Just about every HOA dispute comes down to the money.
I hear these kinds of horror stories from real homeowners all the time. For every public report, I hear at least a dozen that go unreported to the media.
Housing consumers are led to believe that HOAs protect their investment and enhance property values. But, clearly, there are no guarantees. And when the HOA fails to take full responsibility for maintaining the common area and underlying infrastructure, it is more likely to harm property values than protect them.
5. And now, for the most absurd portion of the report – advice for home buyers from engineers.

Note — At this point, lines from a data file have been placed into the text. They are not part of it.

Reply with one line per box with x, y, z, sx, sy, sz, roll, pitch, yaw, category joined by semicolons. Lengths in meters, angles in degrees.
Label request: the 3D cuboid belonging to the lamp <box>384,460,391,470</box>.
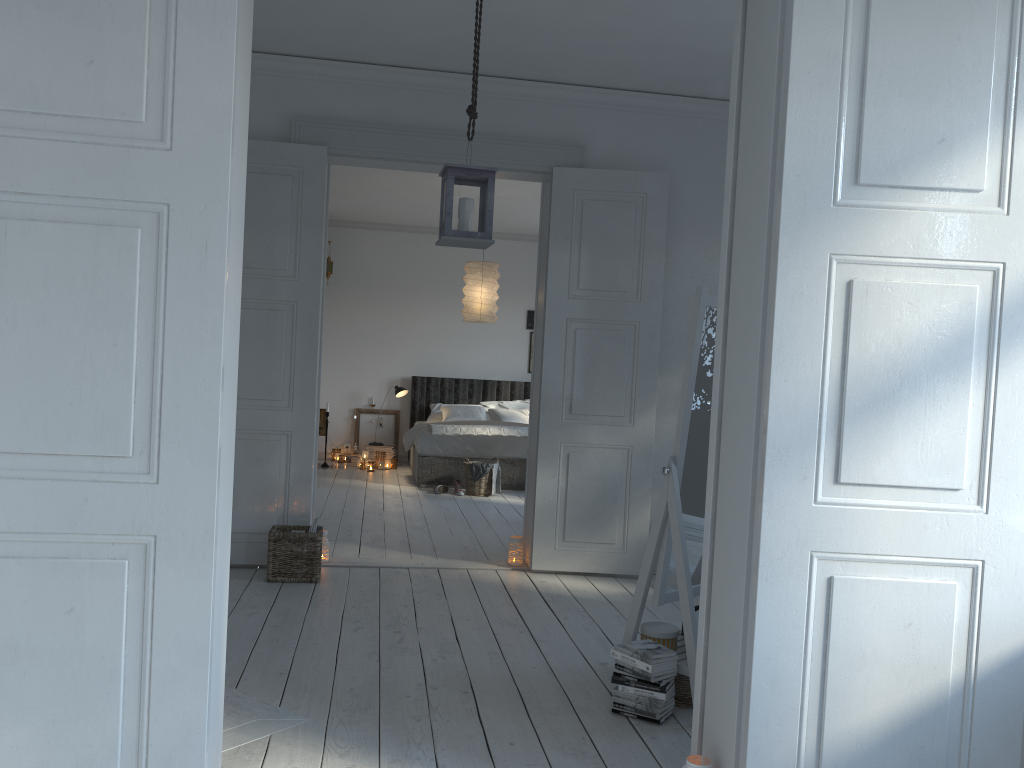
-1.389;0.903;9.893;0.080;0.098;0.080;4;2;26;lamp

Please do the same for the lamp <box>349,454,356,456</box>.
-1.865;0.871;10.334;0.081;0.098;0.080;2;2;-37;lamp

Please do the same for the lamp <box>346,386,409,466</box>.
-1.585;0.469;10.231;0.825;0.936;0.450;3;2;9;lamp

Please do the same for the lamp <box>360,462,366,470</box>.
-1.640;0.902;9.742;0.067;0.078;0.070;4;2;33;lamp

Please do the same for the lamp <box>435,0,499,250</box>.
-0.161;-1.488;3.834;0.228;1.763;0.228;3;2;-12;lamp

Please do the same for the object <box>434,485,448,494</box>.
-0.691;0.972;8.250;0.120;0.084;0.222;3;1;20;object

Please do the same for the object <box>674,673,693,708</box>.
0.597;1.086;3.274;0.185;0.140;0.295;2;1;-37;object

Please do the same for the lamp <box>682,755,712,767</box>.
0.485;1.067;2.321;0.089;0.166;0.089;3;2;-10;lamp

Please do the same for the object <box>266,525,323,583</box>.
-1.160;0.907;4.749;0.270;0.265;0.223;3;1;-9;object

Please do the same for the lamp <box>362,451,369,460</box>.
-1.632;0.792;9.841;0.080;0.098;0.081;4;2;35;lamp

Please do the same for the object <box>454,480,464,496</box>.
-0.487;0.966;8.234;0.083;0.122;0.222;3;1;-9;object

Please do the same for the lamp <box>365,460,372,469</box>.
-1.594;0.893;9.846;0.080;0.098;0.080;4;2;26;lamp

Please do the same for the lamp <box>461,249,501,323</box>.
-0.262;-1.168;7.920;0.338;1.232;0.340;4;2;23;lamp

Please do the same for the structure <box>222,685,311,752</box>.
-1.274;-0.268;2.576;0.800;2.829;1.248;4;2;36;structure

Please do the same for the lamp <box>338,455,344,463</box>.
-1.986;0.870;10.276;0.063;0.091;0.073;4;2;24;lamp

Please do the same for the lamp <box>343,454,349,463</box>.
-1.944;0.867;10.373;0.081;0.098;0.080;2;2;-37;lamp

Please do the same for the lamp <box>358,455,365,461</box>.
-1.745;0.879;10.265;0.081;0.098;0.080;2;2;-37;lamp

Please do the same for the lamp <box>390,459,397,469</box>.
-1.331;0.901;9.970;0.080;0.107;0.080;2;2;-36;lamp

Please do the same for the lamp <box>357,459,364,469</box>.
-1.684;0.888;9.838;0.080;0.098;0.080;4;2;26;lamp

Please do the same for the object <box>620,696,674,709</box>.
0.470;1.089;3.083;0.156;0.014;0.111;4;1;34;object

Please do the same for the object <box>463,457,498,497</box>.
-0.298;0.860;8.263;0.319;0.351;0.319;4;2;23;object

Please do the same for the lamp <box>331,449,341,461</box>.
-2.075;0.837;10.470;0.108;0.141;0.107;2;2;-36;lamp

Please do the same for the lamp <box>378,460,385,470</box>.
-1.447;0.901;9.828;0.080;0.098;0.080;4;2;26;lamp

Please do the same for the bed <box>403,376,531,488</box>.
-0.226;0.491;9.647;1.888;1.047;2.175;3;1;-9;bed

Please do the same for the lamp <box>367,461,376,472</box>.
-1.530;0.896;9.621;0.081;0.106;0.081;2;2;-32;lamp

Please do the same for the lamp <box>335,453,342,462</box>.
-2.034;0.862;10.380;0.081;0.098;0.080;2;2;-37;lamp

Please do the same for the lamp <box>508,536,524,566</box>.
0.024;0.998;5.310;0.089;0.166;0.089;3;2;-16;lamp

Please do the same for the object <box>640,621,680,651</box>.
0.545;0.935;3.277;0.142;0.074;0.142;3;1;-25;object

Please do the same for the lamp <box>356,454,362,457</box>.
-1.794;0.874;10.389;0.080;0.098;0.081;4;2;38;lamp

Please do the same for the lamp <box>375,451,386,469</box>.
-1.474;0.853;9.936;0.117;0.188;0.121;4;2;34;lamp

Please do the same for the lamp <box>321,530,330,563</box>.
-1.102;0.938;5.128;0.093;0.180;0.092;2;2;-26;lamp

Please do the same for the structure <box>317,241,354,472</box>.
-2.360;-0.437;9.865;1.247;2.837;0.800;4;2;36;structure
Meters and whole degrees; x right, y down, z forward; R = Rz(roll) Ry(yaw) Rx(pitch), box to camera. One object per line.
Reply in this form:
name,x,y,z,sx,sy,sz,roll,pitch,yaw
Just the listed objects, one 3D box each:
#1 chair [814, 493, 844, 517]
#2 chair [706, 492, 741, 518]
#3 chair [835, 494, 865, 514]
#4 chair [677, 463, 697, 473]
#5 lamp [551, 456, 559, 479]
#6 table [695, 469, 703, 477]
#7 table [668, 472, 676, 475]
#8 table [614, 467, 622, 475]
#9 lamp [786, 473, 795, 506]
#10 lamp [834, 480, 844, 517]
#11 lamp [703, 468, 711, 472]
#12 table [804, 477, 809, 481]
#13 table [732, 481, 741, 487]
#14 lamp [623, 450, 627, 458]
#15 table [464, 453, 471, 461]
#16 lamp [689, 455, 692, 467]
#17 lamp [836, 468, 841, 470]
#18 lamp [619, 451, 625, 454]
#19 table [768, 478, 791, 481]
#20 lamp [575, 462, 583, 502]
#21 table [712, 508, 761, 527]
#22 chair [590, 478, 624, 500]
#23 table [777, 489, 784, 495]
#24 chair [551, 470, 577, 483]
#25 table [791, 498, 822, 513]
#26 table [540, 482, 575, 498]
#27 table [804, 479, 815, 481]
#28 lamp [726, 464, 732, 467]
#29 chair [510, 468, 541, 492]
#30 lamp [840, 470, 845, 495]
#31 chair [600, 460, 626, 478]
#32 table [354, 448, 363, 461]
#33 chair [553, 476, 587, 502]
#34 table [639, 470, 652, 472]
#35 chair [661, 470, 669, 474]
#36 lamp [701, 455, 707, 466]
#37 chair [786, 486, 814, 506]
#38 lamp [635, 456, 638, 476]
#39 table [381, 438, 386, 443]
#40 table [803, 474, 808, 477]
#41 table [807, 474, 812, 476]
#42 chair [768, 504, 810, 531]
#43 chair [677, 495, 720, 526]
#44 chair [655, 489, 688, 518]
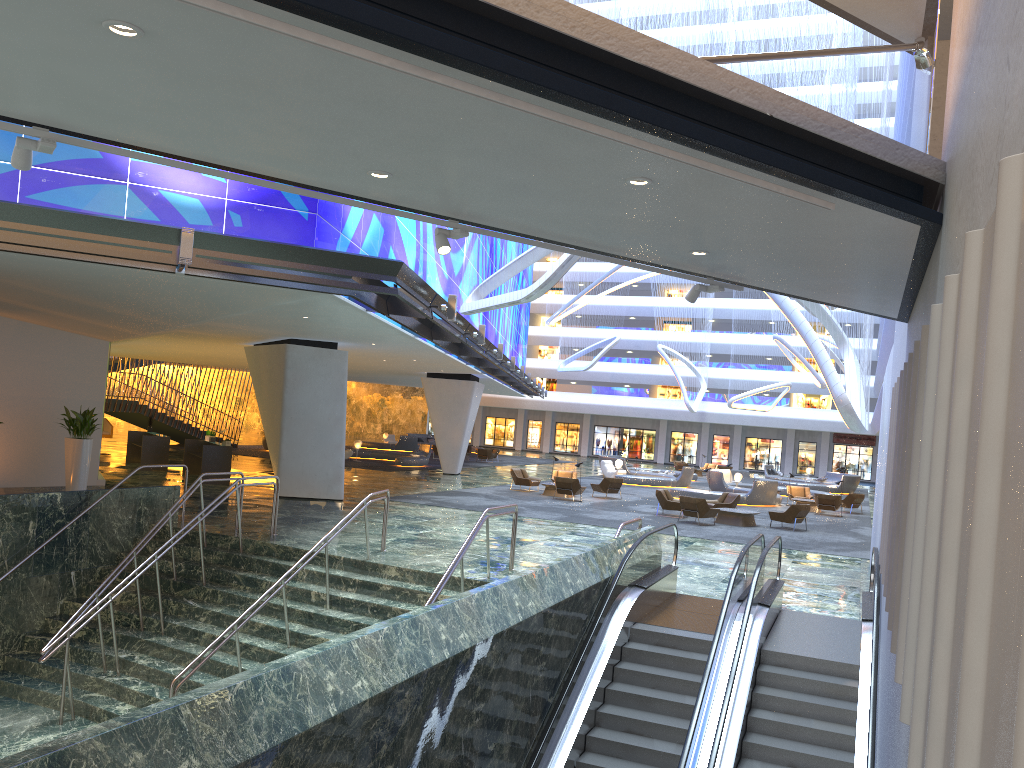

Tell me, what buyer is going to be able to research storm drainage prior to purchase? Are home buyers now supposed to hire a civil engineer for a pre-sale inspection of common areas of the HOA, or just the areas adjacent to the home for sale? Is a home buyer supposed to hire someone to research stormwater permits?
Yes, the buyer could visit the neighborhood under consideration during a good rainstorm, just to see what might happen and where the water drains. But that is not always practical, and only provides a snapshot of conditions during one particular rain event. One week after the buyer closes the sale, the system could fail after many years of neglect and deterioration.
As a home buyer, you should be represented by an attorney, who will do the title search and examine land records on your behalf. That would at least reveal if an easement has been created on the property – assuming the land records were properly filed in the first place. What if they were not?
The sad truth about association-governed, common interest communities
The entire situation at Saddlecreek is a classic case of blaming the victim for the errors and misdeeds of responsible parties. Although an association-governed community theoretically operates for the common good of all its members, when challenges arise, the majority of members are often more than willing to dump the entire risk and financial burden on the minority or even a single homeowner.
Every home buyer needs to consider the following question:
Will you be one of the unlucky homeowners left to bear the brunt of financial risk?